Haydns Engagement im YWDC, der derzeit am Publikumsvoting von "Orte des Respekts" teilnimmt, hat sich im Lauf der Zeit verändert. Stand zu Beginn (mit weiteren sieben Gründerinnen) der Aufbau der Wiener Gruppe im Mittelpunkt, kümmert sie sich heute neben der Gesamtleitung hauptsächlich um Strategieentwicklung und Öffentlichkeitsarbeit. Zusätzlich begleitet sie die mittlerweile sieben weiteren YWDC-Gruppen in Deutschland und der Schweiz. Unterstützung für die Entwicklung einer professionellen Struktur des YWDC holte sich Franziska im Lehrgang der Akademie der Zivilgesellschaft. Denn „für den Aufbau und die Weiterentwicklung eines ehrenamtlichen Projekts braucht es klare Entscheidungsprozesse und man muss sich eine alltagstaugliche Arbeitsstruktur überlegen. Der Lehrgang und die wertschätzende Zusammenarbeit mit den anderen Teilnehmenden haben mir dabei geholfen, genau diese Strukturen weiterzuentwickeln.“

Young Widow_ers Dinner Club

Auch wenn es mitunter schwer ist, sich ehrenamtlich in einem Bereich zu engagieren, der eng mit der eigenen Biografie verbunden ist, weiß Haydn ihr Engagement zu schätzen. „Wenn man sich mit seiner eigenen Geschichte auf einer solchen Bühne bewegt, muss man mitunter breite Schultern haben. Unsere Gesellschaft tendiert ja dazu, in allem das Positive sehen zu wollen.  Es darf quasi niemandem schlecht gehen. Für Trauer bleibt da oft kein Platz.“ Zwar pflege man in Österreich ein ambivalentes Naheverhältnis zum Thema Tod, das trifft jedoch nicht auf das Thema Trauer zu. „Da die Gesellschaft der Trauer keinen Raum gibt bleibt sie oft unsichtbar und fühlt sich für die Betroffenen wie ein Tabu an“, konstatiert Haydn. Hier Bewusstseinsarbeit zu leisten, auch das hat sich der YWDC auf die Fahnen geschrieben. „An diesem Umgang wollen wir rütteln. Für dieses Thema steige ich auch schon mal in den Boxring.“

"Da entsteht eine ganz besondere Energie"

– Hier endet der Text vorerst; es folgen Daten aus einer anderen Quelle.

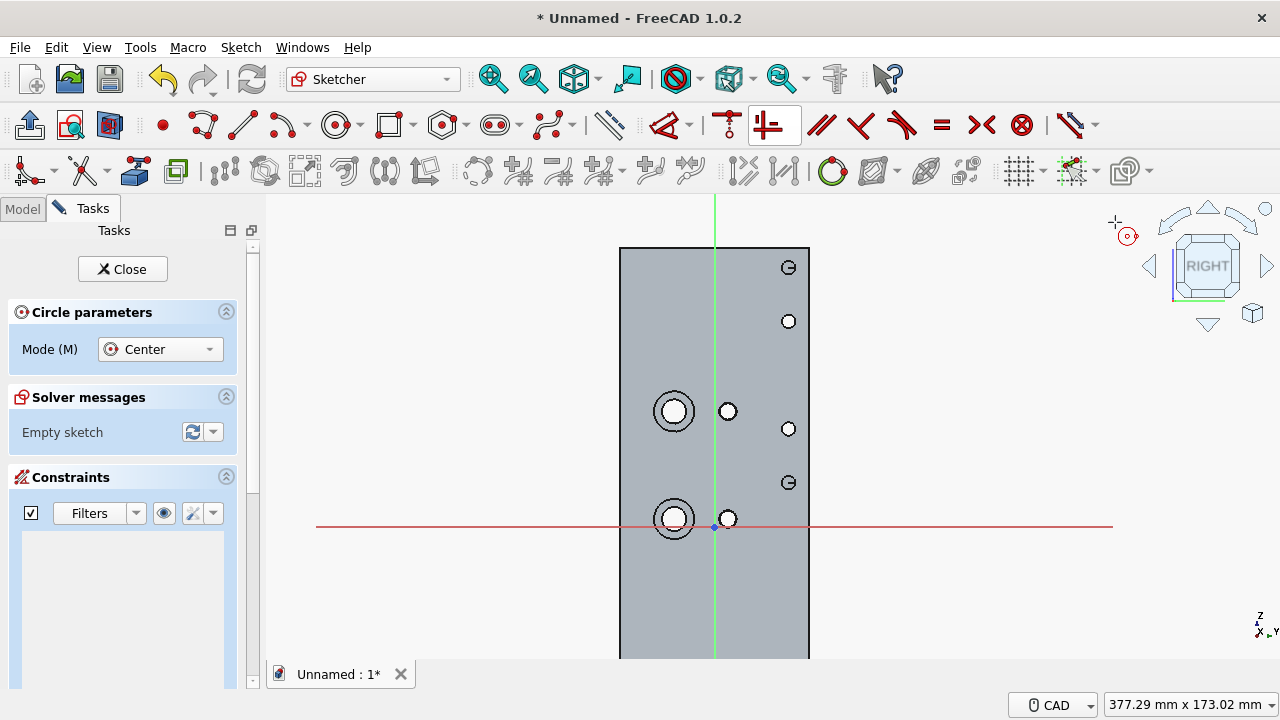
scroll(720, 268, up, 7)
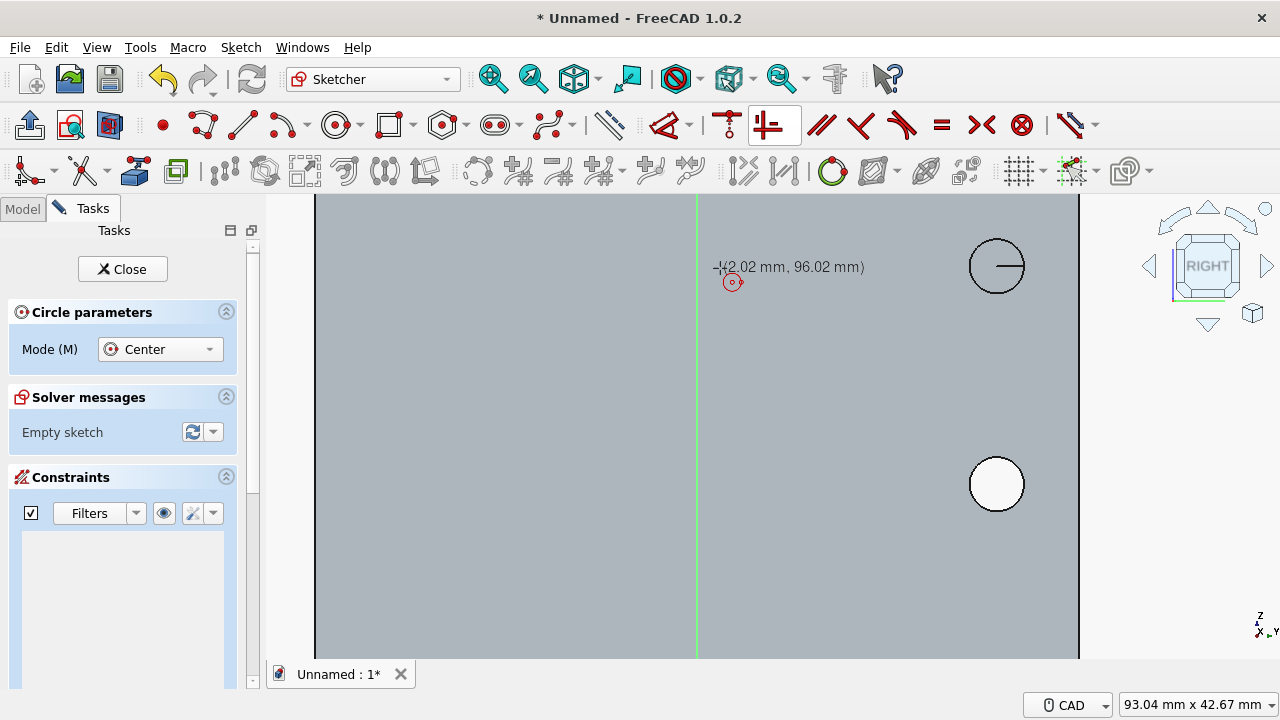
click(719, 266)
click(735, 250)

Dass sich das Engagement, das Haydn und die anderen helfenden Hände in den YWDC stecken, auszahlt, spürt sie bei jedem Clubtreffen. „Mir tut es gut zu sehen, wie sich die Leute aufgehoben fühlen, das ist jedes Mal tolles Feedback für uns. Da entsteht zwischen Menschen, die sich im Leben wohl sonst nicht begegnet wären, eine ganz besondere Energie.“ (Philipp Schneider, 10.9.2020)

Franziska Haydn ist 37 Jahre alt und Soziologin. Sie engagiert sich pro Woche durchschnittlich 3-5 Stunden ehrenamtlich.